Analyzing Non-normal Data in the Presence of Missing Data: Application in Social and Biomedical Studies

Niloofar Ramezani
George Mason University


In many applications, the response variable is neither continuous nor normally distributed. If the outcome variable is binary, count, multinomial, or ordinal, using ordinary linear models developed for continuous data are inappropriate due to the discrete nature of the response and the non-linear relationship between predictors and response variable. Therefore, more advanced models such as binomial, multinomial, and ordinal logistic regression are some of the robust predictive methods to use for modeling the relationship between non-normal discrete response and any kind of predictors. This study looks at several methods of modeling binary, count, categorical and ordinal response variables within regression models in the presence of missing data as well as statistical classification approaches.
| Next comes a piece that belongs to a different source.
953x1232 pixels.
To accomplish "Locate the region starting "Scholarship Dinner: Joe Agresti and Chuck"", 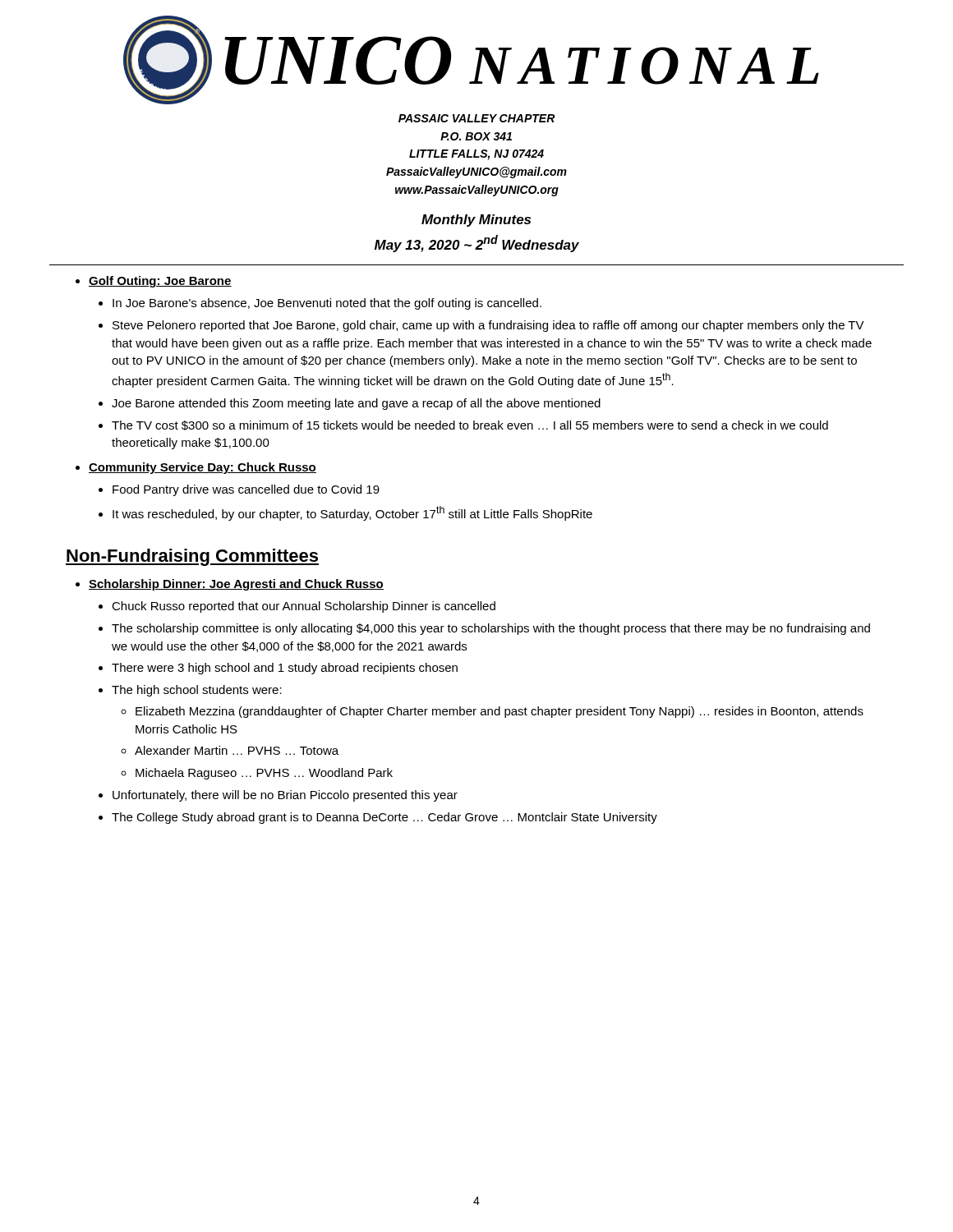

Starting with the simplest case of binary responses, through Poisson, multinomial, and ordinal response variables, this study discusses different modeling options as well as the appropriate missing data handling techniques in SAS. Three missing data handling techniques including multiple imputation are considered to appropriately account for the high percentages of missing observations which are present in the majority of social and biomedical studies. Various techniques are discussed, and applied to real data with non-normal outcome variables, in this study. This paper discusses different options within SAS 9.4 for the aforementioned models. These procedures include, but are not limited to, PROC LOGISTIC, PROC GENMOD, PROC NLMIXED, PROC CATMOD and PROC STANDARD, PROC MI and PROC MIANALYZE.